Make an exact copy of all the data, pictures excluded.

--

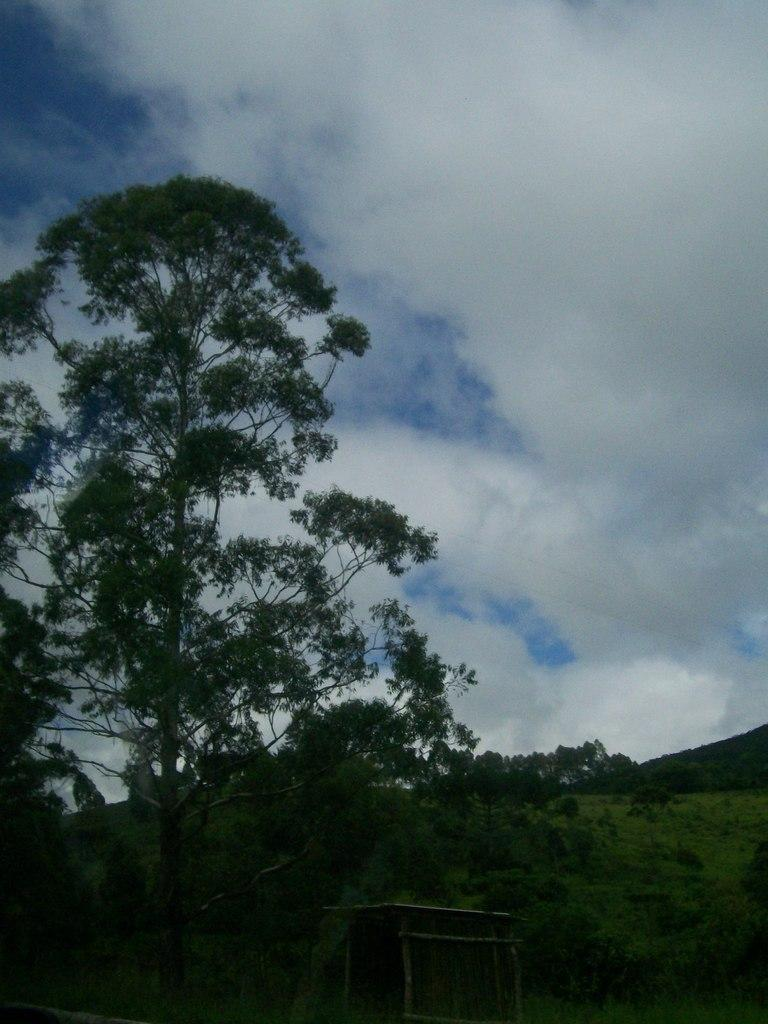What structure is located on the ground in the image? There is a shed on the ground in the image. What can be seen in the background of the image? There are trees in the background of the image. What is visible in the sky at the top of the image? Clouds are visible in the sky at the top of the image. Can you tell me how many birds are sitting on the shed in the image? There are no birds present on the shed or in the image. What type of jelly is being used to hold the shed together in the image? There is no jelly present in the image, and the shed is not being held together by any jelly. 
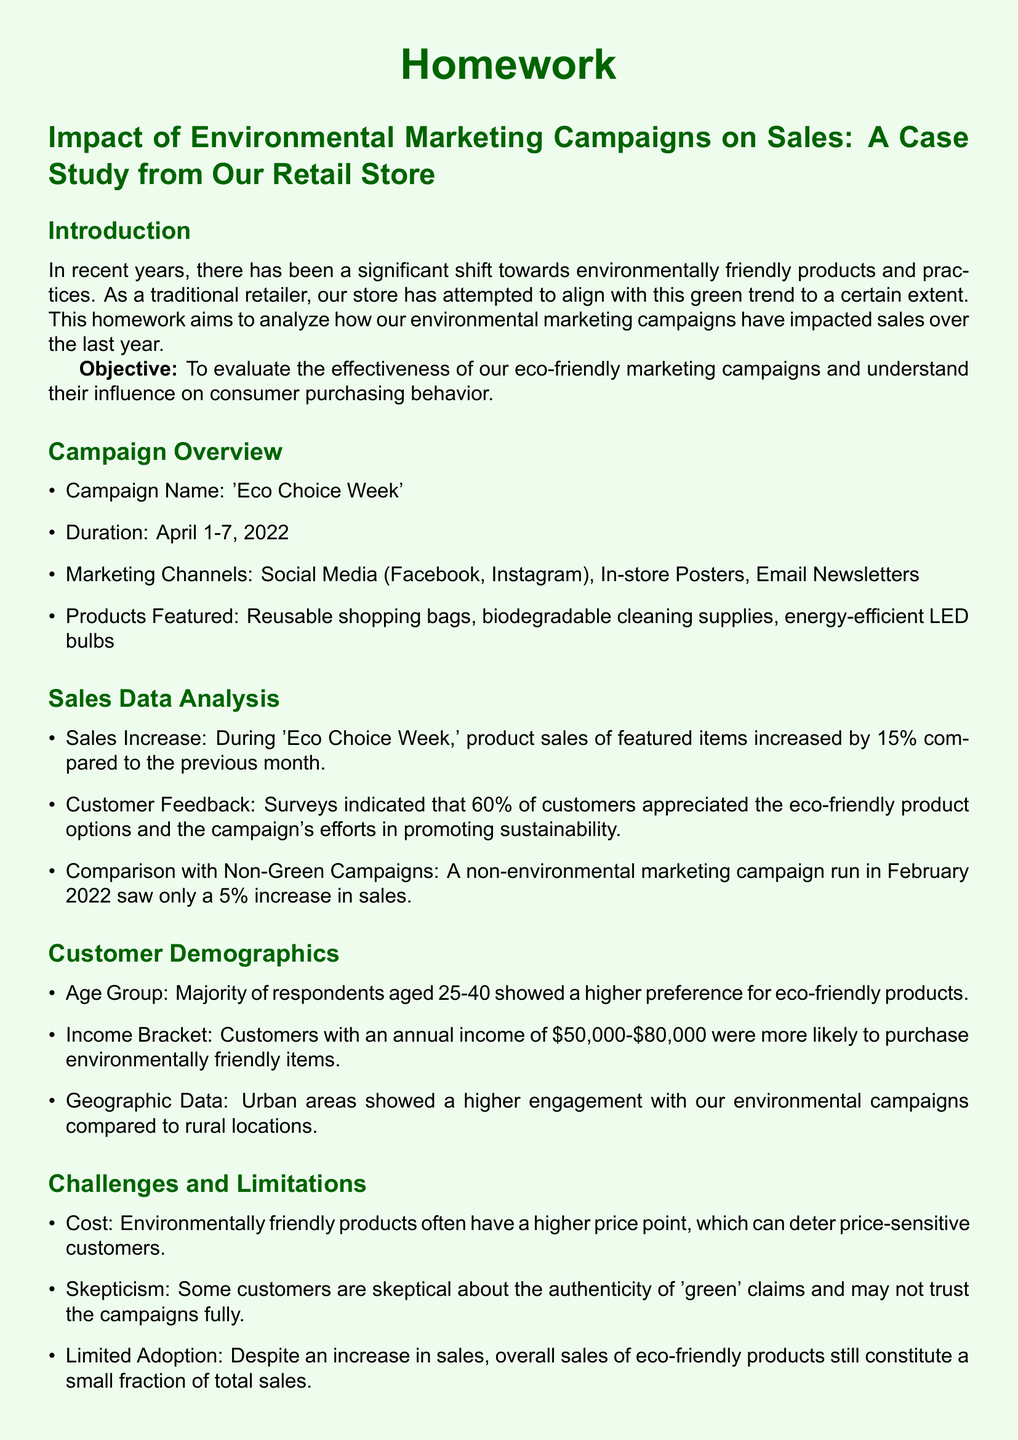What was the duration of the 'Eco Choice Week' campaign? The document states that the campaign ran from April 1-7, 2022.
Answer: April 1-7, 2022 What percentage increase in sales was observed during the 'Eco Choice Week'? The sales increase during the campaign was noted to be 15% compared to the previous month.
Answer: 15% Which marketing channels were used for the environmental campaign? The document lists Social Media (Facebook, Instagram), In-store Posters, and Email Newsletters as the marketing channels.
Answer: Social Media, In-store Posters, Email Newsletters What demographic group showed a higher preference for eco-friendly products? According to the document, the age group that showed a higher preference was between 25-40.
Answer: 25-40 What challenges are associated with environmentally friendly products? The document mentions cost, skepticism, and limited adoption as challenges faced.
Answer: Cost, skepticism, limited adoption What product type had the greatest sales increase compared to the non-green campaign? The 'Eco Choice Week' features included reusable shopping bags, which contributed to the sales spike.
Answer: Reusable shopping bags How did urban areas respond compared to rural areas regarding the campaign? The document indicates that urban areas showed higher engagement with environmental campaigns than rural locations.
Answer: Higher engagement What recommendation is made regarding the product range? It is suggested to expand the product range to introduce a wider variety of eco-friendly products.
Answer: Expand product range 
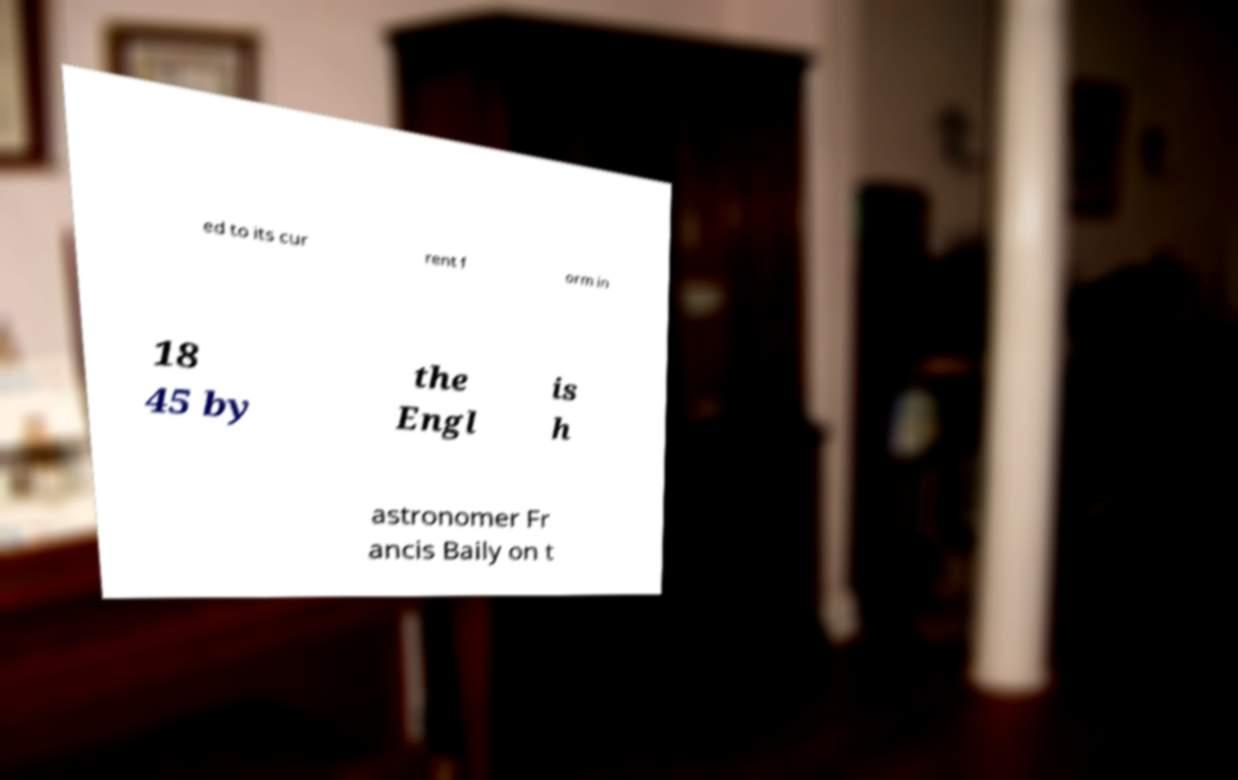There's text embedded in this image that I need extracted. Can you transcribe it verbatim? ed to its cur rent f orm in 18 45 by the Engl is h astronomer Fr ancis Baily on t 
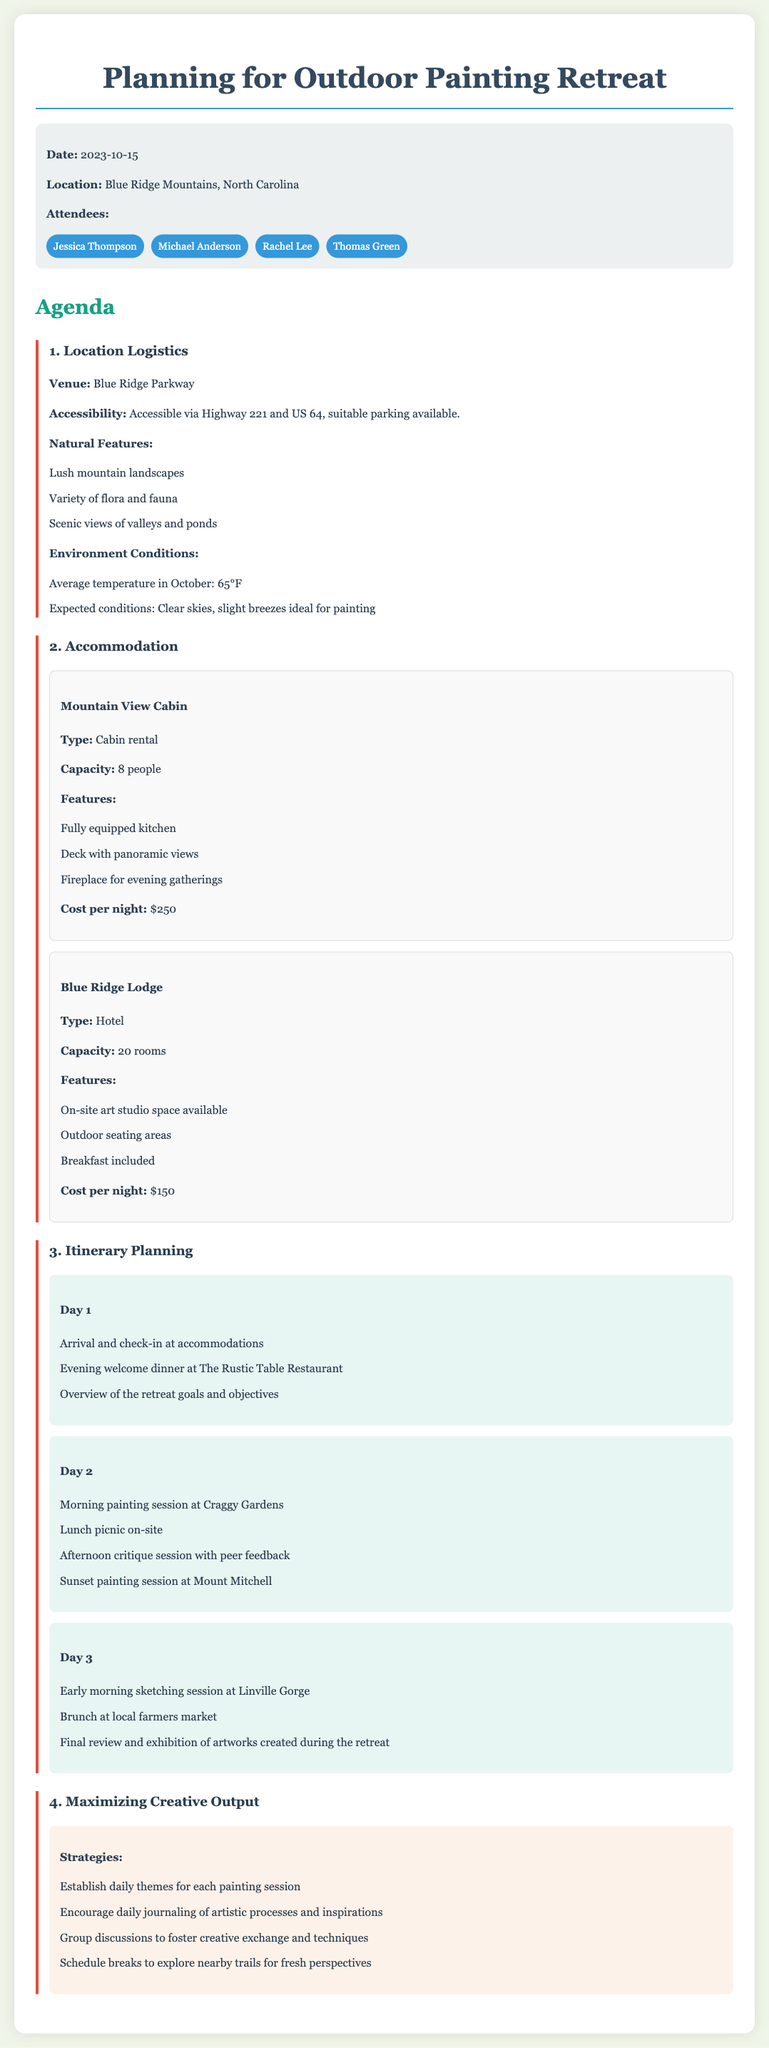What is the date of the retreat? The retreat is scheduled for October 15, 2023, as mentioned in the document.
Answer: October 15, 2023 Where is the location of the retreat? The document specifies that the location is the Blue Ridge Mountains in North Carolina.
Answer: Blue Ridge Mountains, North Carolina What type of accommodation is available at Mountain View Cabin? The document states that Mountain View Cabin is a cabin rental.
Answer: Cabin rental How many people can the Blue Ridge Lodge accommodate? The document indicates that the Blue Ridge Lodge has the capacity for 20 rooms, which suggests it can accommodate multiple guests.
Answer: 20 rooms What is the cost per night for the Mountain View Cabin? The document lists the cost for the Mountain View Cabin as 250 dollars.
Answer: $250 What is the first activity scheduled for Day 1? The document mentions that arrival and check-in at accommodations is the first activity for Day 1.
Answer: Arrival and check-in What is the strategy for maximizing creative output related to daily activities? The document suggests establishing daily themes for each painting session as one strategy to maximize creative output.
Answer: Establish daily themes What is one natural feature mentioned in the location logistics? The document lists lush mountain landscapes as one of the natural features of the retreat location.
Answer: Lush mountain landscapes What is the average temperature expected in October? The document specifies the average temperature in October to be 65 degrees Fahrenheit.
Answer: 65°F 
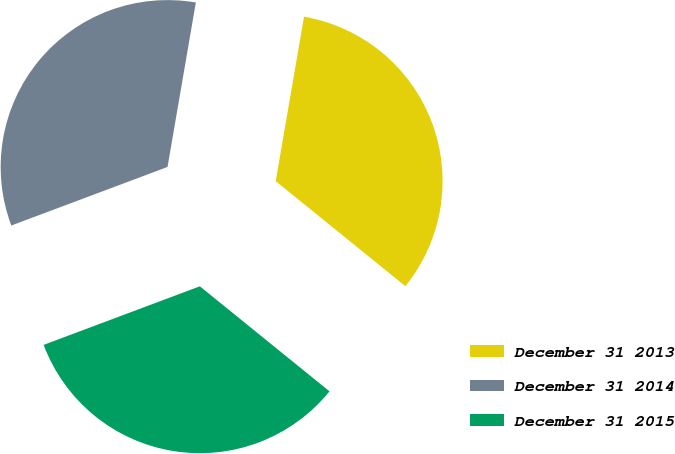Convert chart to OTSL. <chart><loc_0><loc_0><loc_500><loc_500><pie_chart><fcel>December 31 2013<fcel>December 31 2014<fcel>December 31 2015<nl><fcel>33.12%<fcel>33.42%<fcel>33.45%<nl></chart>

--

### REPLY TO THE TASK
What structure is located on the ground in the image? There is a shed on the ground in the image. What can be seen in the background of the image? There are trees in the background of the image. What is visible in the sky at the top of the image? Clouds are visible in the sky at the top of the image. Can you tell me how many birds are sitting on the shed in the image? There are no birds present on the shed or in the image. What type of jelly is being used to hold the shed together in the image? There is no jelly present in the image, and the shed is not being held together by any jelly. 
What was the duration of the 'Eco Choice Week' campaign? The document states that the campaign ran from April 1-7, 2022.
Answer: April 1-7, 2022 What percentage increase in sales was observed during the 'Eco Choice Week'? The sales increase during the campaign was noted to be 15% compared to the previous month.
Answer: 15% Which marketing channels were used for the environmental campaign? The document lists Social Media (Facebook, Instagram), In-store Posters, and Email Newsletters as the marketing channels.
Answer: Social Media, In-store Posters, Email Newsletters What demographic group showed a higher preference for eco-friendly products? According to the document, the age group that showed a higher preference was between 25-40.
Answer: 25-40 What challenges are associated with environmentally friendly products? The document mentions cost, skepticism, and limited adoption as challenges faced.
Answer: Cost, skepticism, limited adoption What product type had the greatest sales increase compared to the non-green campaign? The 'Eco Choice Week' features included reusable shopping bags, which contributed to the sales spike.
Answer: Reusable shopping bags How did urban areas respond compared to rural areas regarding the campaign? The document indicates that urban areas showed higher engagement with environmental campaigns than rural locations.
Answer: Higher engagement What recommendation is made regarding the product range? It is suggested to expand the product range to introduce a wider variety of eco-friendly products.
Answer: Expand product range 
There's text embedded in this image that I need extracted. Can you transcribe it verbatim? ed to its cur rent f orm in 18 45 by the Engl is h astronomer Fr ancis Baily on t 
What is the date of the retreat? The retreat is scheduled for October 15, 2023, as mentioned in the document.
Answer: October 15, 2023 Where is the location of the retreat? The document specifies that the location is the Blue Ridge Mountains in North Carolina.
Answer: Blue Ridge Mountains, North Carolina What type of accommodation is available at Mountain View Cabin? The document states that Mountain View Cabin is a cabin rental.
Answer: Cabin rental How many people can the Blue Ridge Lodge accommodate? The document indicates that the Blue Ridge Lodge has the capacity for 20 rooms, which suggests it can accommodate multiple guests.
Answer: 20 rooms What is the cost per night for the Mountain View Cabin? The document lists the cost for the Mountain View Cabin as 250 dollars.
Answer: $250 What is the first activity scheduled for Day 1? The document mentions that arrival and check-in at accommodations is the first activity for Day 1.
Answer: Arrival and check-in What is the strategy for maximizing creative output related to daily activities? The document suggests establishing daily themes for each painting session as one strategy to maximize creative output.
Answer: Establish daily themes What is one natural feature mentioned in the location logistics? The document lists lush mountain landscapes as one of the natural features of the retreat location.
Answer: Lush mountain landscapes What is the average temperature expected in October? The document specifies the average temperature in October to be 65 degrees Fahrenheit.
Answer: 65°F 
Convert chart to OTSL. <chart><loc_0><loc_0><loc_500><loc_500><pie_chart><fcel>December 31 2013<fcel>December 31 2014<fcel>December 31 2015<nl><fcel>33.12%<fcel>33.42%<fcel>33.45%<nl></chart>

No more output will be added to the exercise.